◆ **The problem**: Below are the records; pull every line that includes "bell".

◆ **Entries shown**:
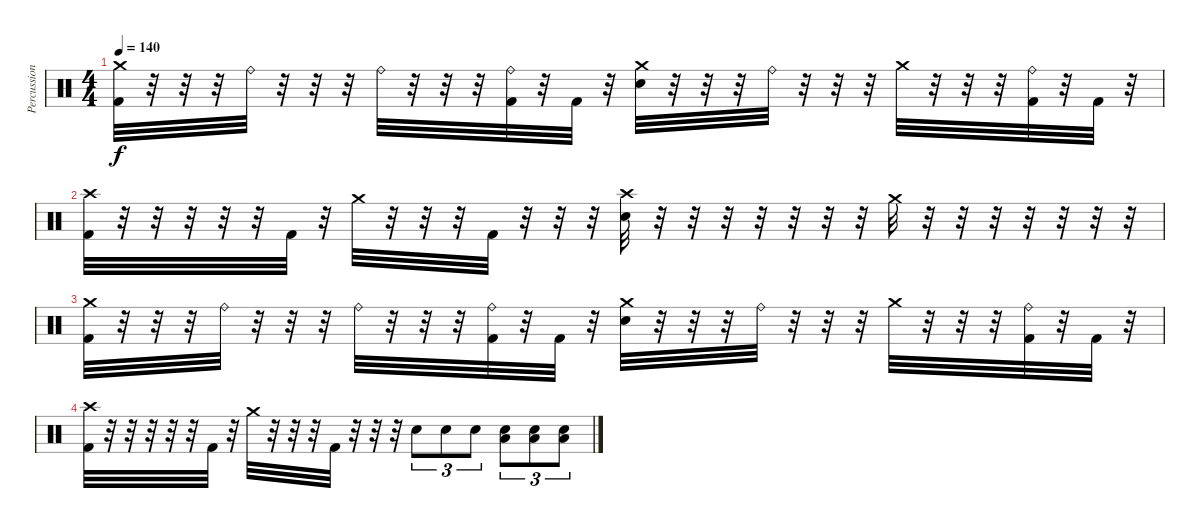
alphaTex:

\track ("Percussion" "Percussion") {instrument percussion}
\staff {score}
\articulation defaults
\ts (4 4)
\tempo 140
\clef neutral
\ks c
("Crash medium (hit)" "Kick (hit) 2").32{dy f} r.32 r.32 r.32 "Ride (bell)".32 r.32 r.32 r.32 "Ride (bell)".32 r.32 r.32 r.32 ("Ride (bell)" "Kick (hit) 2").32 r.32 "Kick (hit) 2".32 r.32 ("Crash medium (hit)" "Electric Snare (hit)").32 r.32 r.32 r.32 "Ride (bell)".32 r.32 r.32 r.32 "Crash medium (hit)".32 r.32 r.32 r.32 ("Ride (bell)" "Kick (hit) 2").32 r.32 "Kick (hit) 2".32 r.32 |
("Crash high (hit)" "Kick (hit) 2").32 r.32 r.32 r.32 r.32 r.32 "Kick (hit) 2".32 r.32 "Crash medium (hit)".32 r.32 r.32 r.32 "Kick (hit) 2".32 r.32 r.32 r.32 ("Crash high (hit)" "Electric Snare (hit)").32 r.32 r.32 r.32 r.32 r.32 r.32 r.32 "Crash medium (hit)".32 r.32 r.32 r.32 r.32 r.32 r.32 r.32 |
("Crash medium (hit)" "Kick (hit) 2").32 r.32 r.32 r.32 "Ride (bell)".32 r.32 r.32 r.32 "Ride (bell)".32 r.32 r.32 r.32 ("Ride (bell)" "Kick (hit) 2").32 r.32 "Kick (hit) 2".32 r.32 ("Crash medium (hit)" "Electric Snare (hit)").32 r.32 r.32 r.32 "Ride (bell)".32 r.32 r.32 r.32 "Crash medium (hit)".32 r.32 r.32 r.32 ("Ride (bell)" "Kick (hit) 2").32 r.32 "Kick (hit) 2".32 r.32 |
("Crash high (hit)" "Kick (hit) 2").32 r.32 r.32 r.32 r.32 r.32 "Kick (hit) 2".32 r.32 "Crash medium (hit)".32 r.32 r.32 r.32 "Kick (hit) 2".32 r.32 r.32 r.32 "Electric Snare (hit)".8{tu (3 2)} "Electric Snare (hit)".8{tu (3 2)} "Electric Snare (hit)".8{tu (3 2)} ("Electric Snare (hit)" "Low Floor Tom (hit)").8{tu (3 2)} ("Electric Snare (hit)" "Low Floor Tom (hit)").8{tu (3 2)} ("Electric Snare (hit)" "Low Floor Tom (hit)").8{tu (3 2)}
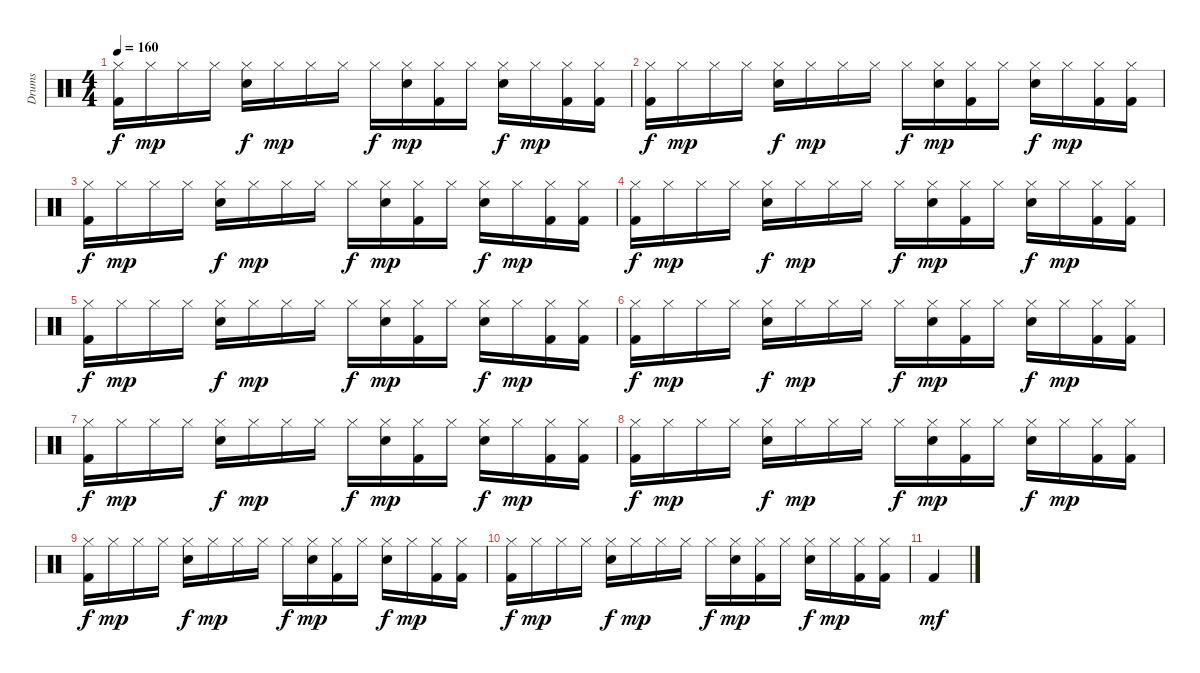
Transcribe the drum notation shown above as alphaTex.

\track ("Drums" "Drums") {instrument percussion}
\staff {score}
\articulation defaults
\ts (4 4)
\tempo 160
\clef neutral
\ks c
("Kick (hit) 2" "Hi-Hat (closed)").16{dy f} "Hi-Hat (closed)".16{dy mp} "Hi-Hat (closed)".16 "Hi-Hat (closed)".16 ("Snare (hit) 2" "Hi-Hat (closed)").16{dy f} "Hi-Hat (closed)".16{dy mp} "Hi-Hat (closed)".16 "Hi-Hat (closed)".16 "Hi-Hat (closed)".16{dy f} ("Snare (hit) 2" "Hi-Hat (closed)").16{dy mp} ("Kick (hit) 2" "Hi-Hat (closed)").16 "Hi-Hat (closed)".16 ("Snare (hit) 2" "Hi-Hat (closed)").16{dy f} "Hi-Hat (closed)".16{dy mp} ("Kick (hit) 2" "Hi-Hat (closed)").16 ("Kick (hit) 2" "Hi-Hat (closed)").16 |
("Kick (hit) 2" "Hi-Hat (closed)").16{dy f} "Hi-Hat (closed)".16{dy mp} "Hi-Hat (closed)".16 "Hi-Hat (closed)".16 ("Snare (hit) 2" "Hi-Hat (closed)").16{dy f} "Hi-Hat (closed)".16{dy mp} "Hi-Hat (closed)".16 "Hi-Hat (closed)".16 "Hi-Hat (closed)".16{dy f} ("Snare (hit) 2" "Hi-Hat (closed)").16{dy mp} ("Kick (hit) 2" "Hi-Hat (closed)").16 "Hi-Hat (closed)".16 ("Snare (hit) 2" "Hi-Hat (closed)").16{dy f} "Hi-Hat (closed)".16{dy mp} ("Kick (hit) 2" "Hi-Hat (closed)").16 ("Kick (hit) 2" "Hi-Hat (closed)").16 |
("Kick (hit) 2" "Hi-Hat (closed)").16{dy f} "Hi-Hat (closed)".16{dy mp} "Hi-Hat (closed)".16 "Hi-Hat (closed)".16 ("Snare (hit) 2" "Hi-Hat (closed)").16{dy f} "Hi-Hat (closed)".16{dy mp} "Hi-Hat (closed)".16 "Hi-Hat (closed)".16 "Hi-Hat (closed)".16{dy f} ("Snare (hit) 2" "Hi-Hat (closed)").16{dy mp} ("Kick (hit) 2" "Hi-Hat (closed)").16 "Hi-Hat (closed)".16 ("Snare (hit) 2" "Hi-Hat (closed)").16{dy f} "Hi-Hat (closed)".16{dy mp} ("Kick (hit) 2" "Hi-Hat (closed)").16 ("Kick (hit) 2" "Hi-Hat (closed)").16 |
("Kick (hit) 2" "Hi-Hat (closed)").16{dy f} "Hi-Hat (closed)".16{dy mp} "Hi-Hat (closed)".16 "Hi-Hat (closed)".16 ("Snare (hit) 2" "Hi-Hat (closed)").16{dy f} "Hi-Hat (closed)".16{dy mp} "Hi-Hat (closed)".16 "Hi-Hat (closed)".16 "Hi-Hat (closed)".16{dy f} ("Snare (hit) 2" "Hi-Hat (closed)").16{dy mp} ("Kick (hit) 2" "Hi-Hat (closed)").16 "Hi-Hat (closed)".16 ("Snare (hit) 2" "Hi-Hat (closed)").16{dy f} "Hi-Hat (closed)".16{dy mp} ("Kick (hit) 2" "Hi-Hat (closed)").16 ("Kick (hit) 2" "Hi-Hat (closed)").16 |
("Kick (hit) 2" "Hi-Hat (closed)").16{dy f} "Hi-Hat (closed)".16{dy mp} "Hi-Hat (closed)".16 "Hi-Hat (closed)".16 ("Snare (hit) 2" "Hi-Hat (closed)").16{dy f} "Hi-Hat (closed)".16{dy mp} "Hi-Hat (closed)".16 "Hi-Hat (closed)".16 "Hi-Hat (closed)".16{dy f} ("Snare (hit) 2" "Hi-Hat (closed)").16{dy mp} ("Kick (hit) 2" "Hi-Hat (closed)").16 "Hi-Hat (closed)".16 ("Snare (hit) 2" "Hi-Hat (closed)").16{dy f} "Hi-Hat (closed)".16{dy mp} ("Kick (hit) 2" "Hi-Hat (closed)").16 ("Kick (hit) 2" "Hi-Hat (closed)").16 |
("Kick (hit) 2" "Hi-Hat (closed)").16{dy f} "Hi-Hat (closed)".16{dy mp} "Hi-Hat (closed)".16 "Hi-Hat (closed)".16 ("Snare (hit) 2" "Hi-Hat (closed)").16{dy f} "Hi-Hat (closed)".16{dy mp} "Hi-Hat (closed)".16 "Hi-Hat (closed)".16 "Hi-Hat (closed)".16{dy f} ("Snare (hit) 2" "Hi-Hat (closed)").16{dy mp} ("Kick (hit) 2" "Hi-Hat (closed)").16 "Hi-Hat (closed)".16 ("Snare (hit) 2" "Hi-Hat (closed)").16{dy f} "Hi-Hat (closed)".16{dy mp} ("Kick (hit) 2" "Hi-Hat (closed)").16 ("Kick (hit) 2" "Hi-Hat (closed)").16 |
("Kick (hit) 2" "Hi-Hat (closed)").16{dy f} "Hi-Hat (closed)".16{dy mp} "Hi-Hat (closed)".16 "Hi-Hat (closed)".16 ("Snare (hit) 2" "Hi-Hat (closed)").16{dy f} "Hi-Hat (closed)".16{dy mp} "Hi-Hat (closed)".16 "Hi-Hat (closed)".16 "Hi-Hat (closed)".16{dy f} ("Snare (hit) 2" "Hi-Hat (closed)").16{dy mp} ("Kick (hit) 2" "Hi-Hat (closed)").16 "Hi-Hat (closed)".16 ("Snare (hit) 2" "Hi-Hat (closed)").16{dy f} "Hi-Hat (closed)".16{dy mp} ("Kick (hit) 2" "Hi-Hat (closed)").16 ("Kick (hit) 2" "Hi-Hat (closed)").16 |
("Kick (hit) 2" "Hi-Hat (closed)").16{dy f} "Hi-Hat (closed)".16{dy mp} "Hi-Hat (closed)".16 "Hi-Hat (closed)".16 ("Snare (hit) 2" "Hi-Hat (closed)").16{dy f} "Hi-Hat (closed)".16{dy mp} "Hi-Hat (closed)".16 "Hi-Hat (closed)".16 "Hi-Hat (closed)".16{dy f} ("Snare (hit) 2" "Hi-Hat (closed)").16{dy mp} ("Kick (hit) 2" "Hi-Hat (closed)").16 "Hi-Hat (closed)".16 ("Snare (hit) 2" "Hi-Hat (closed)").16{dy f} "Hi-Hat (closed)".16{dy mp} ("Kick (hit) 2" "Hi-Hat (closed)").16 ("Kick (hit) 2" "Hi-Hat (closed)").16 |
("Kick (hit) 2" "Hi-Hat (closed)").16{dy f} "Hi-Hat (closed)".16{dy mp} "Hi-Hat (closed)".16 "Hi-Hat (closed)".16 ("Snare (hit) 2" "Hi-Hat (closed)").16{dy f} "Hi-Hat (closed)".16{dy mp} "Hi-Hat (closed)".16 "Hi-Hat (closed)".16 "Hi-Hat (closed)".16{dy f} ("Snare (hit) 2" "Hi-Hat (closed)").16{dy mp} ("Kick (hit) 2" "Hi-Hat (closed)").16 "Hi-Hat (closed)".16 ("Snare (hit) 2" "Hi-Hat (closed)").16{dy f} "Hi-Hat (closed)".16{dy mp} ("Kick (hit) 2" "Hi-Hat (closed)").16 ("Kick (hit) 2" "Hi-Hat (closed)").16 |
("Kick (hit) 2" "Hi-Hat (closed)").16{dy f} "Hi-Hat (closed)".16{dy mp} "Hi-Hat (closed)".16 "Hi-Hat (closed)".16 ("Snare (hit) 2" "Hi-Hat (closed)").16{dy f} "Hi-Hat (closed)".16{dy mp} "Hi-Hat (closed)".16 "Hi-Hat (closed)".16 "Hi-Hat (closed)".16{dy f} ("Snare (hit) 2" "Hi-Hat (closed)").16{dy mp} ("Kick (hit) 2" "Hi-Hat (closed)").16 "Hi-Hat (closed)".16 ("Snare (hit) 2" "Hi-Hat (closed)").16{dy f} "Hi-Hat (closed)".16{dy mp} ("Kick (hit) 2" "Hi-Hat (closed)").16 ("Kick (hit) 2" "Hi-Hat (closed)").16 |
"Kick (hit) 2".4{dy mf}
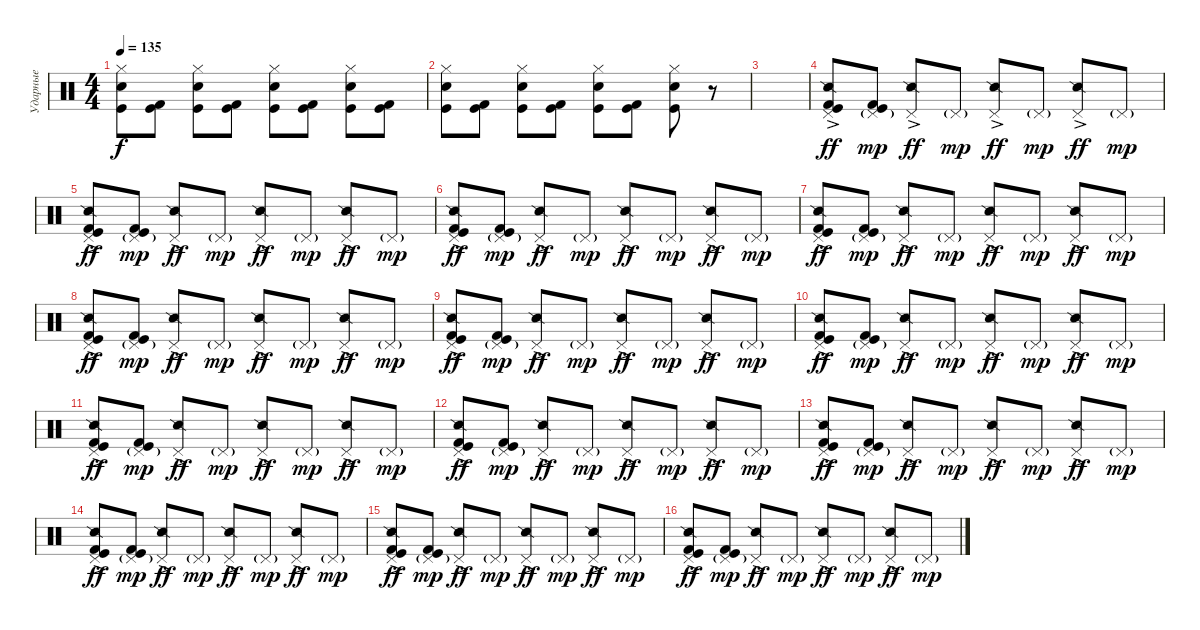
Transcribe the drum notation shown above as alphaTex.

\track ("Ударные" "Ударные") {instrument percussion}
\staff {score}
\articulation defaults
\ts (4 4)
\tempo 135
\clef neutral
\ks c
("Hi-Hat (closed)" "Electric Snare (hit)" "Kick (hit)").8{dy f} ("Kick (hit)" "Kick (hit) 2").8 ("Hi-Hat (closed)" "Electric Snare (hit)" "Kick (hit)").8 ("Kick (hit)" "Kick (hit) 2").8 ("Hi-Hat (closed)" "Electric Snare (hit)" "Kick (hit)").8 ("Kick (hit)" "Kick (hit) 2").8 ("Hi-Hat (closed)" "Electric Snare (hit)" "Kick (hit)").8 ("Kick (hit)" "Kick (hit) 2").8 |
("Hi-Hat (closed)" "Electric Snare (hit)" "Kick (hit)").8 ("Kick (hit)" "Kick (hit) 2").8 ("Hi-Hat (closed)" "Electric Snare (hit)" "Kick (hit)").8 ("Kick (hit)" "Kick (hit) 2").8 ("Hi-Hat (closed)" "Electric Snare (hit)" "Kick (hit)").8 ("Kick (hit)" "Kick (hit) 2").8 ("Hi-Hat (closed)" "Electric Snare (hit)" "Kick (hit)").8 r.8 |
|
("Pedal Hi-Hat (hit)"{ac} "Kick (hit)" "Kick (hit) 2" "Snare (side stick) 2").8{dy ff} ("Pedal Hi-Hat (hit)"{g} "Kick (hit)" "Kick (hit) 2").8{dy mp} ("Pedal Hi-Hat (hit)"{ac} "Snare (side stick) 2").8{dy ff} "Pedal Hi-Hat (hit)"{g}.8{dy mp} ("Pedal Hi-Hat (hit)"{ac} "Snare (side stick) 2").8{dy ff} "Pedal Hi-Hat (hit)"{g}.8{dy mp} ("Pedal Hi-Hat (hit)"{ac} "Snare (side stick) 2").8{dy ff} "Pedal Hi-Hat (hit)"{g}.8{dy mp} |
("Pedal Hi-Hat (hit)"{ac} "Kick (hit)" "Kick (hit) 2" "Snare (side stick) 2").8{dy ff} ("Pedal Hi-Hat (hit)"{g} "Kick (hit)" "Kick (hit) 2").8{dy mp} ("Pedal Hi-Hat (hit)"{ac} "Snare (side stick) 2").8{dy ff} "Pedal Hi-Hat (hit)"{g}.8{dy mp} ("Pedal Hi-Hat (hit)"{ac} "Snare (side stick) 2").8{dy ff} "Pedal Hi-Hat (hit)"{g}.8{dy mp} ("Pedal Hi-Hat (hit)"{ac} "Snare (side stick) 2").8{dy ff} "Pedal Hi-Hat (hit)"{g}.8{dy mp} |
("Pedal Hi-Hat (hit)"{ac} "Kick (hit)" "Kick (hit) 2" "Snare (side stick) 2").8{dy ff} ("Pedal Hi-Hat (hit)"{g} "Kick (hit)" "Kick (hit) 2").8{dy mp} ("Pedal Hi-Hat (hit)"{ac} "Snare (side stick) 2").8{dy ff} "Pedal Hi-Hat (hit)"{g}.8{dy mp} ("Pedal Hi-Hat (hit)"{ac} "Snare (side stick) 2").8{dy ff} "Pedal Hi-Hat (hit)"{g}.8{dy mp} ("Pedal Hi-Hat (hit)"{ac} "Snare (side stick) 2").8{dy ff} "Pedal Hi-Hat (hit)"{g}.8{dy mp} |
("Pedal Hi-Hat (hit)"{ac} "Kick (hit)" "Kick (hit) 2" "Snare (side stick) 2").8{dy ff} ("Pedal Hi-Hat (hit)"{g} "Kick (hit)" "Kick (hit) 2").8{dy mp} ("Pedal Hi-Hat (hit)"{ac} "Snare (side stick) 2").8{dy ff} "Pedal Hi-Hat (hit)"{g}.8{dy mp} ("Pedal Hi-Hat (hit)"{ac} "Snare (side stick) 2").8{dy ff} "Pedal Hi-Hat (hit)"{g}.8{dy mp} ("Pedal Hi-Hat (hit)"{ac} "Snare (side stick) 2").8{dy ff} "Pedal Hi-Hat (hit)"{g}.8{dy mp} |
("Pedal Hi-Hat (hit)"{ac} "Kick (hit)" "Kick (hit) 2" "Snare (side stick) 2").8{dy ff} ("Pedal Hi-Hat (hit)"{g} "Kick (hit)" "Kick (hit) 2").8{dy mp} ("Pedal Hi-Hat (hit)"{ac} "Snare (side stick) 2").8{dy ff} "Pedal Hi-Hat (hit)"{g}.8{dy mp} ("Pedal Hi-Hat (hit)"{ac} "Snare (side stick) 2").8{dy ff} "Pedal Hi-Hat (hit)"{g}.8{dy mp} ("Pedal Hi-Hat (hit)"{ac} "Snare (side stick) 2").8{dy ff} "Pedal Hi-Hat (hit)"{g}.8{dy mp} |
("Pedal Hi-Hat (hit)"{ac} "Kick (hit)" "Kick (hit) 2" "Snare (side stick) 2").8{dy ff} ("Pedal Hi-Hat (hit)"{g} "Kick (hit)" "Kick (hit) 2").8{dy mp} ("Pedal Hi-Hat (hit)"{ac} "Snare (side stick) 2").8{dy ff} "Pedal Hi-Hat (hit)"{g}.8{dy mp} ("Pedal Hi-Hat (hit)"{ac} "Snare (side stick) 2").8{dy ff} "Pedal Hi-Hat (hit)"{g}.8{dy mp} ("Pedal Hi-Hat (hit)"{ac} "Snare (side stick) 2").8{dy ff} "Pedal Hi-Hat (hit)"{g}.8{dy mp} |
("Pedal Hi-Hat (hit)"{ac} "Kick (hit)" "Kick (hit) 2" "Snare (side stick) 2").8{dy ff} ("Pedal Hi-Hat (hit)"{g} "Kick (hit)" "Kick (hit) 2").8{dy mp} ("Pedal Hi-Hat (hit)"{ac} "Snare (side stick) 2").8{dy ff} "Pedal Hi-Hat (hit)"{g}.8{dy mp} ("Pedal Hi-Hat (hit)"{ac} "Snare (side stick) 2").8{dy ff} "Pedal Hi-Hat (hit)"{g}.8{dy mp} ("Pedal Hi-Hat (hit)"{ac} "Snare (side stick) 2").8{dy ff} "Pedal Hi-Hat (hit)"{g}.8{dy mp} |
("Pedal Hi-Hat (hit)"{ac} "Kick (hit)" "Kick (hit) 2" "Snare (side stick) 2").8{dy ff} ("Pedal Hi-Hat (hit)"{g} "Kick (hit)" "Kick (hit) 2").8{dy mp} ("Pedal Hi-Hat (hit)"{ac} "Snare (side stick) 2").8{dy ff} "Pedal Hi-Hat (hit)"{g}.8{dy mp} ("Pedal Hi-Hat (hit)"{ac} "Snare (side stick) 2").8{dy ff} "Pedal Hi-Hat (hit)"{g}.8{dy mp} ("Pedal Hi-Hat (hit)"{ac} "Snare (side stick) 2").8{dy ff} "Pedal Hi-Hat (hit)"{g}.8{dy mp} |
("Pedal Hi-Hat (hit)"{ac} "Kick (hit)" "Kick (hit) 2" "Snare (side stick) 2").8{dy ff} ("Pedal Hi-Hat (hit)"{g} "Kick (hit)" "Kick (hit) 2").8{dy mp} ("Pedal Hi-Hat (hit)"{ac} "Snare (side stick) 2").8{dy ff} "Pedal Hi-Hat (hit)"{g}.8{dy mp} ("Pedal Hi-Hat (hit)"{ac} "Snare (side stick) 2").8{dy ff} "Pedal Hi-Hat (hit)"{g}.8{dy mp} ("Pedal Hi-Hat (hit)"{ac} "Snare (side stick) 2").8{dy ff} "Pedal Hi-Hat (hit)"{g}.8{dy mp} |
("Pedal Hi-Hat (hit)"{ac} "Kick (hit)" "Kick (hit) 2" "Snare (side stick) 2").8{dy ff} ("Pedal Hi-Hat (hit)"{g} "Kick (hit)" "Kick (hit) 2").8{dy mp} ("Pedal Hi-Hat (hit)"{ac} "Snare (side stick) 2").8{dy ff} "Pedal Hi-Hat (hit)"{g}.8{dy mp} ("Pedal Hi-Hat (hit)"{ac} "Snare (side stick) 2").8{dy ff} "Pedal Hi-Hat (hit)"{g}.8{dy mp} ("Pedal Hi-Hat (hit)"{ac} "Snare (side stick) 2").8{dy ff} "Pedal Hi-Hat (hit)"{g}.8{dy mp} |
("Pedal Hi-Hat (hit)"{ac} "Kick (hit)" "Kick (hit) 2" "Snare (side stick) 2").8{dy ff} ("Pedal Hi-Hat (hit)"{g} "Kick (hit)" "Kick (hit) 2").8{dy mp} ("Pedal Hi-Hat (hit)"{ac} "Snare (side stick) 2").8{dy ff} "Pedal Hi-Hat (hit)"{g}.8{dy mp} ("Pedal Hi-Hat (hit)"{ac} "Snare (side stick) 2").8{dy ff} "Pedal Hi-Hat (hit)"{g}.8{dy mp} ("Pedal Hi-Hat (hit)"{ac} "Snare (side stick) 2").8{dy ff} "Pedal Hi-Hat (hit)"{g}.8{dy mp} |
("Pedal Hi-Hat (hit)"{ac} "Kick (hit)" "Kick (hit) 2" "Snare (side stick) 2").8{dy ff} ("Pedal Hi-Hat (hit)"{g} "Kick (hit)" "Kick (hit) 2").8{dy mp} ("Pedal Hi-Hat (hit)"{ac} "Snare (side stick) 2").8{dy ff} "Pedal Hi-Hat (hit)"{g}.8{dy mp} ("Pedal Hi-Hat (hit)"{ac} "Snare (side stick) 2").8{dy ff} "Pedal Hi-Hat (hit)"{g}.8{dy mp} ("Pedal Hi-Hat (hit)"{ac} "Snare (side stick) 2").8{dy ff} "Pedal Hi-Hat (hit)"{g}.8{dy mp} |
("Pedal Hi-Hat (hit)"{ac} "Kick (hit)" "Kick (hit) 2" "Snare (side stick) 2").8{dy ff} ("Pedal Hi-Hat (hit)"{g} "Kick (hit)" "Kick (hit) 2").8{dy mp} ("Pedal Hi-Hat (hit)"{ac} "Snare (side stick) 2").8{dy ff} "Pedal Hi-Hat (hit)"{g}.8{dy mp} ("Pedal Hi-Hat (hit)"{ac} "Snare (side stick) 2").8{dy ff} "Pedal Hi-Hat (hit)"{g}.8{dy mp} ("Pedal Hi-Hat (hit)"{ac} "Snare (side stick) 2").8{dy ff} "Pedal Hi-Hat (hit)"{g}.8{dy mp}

◆ **Answer below**:
("Crash medium (hit)" "Kick (hit) 2").32{dy f} r.32 r.32 r.32 "Ride (bell)".32 r.32 r.32 r.32 "Ride (bell)".32 r.32 r.32 r.32 ("Ride (bell)" "Kick (hit) 2").32 r.32 "Kick (hit) 2".32 r.32 ("Crash medium (hit)" "Electric Snare (hit)").32 r.32 r.32 r.32 "Ride (bell)".32 r.32 r.32 r.32 "Crash medium (hit)".32 r.32 r.32 r.32 ("Ride (bell)" "Kick (hit) 2").32 r.32 "Kick (hit) 2".32 r.32 |
("Crash medium (hit)" "Kick (hit) 2").32 r.32 r.32 r.32 "Ride (bell)".32 r.32 r.32 r.32 "Ride (bell)".32 r.32 r.32 r.32 ("Ride (bell)" "Kick (hit) 2").32 r.32 "Kick (hit) 2".32 r.32 ("Crash medium (hit)" "Electric Snare (hit)").32 r.32 r.32 r.32 "Ride (bell)".32 r.32 r.32 r.32 "Crash medium (hit)".32 r.32 r.32 r.32 ("Ride (bell)" "Kick (hit) 2").32 r.32 "Kick (hit) 2".32 r.32 |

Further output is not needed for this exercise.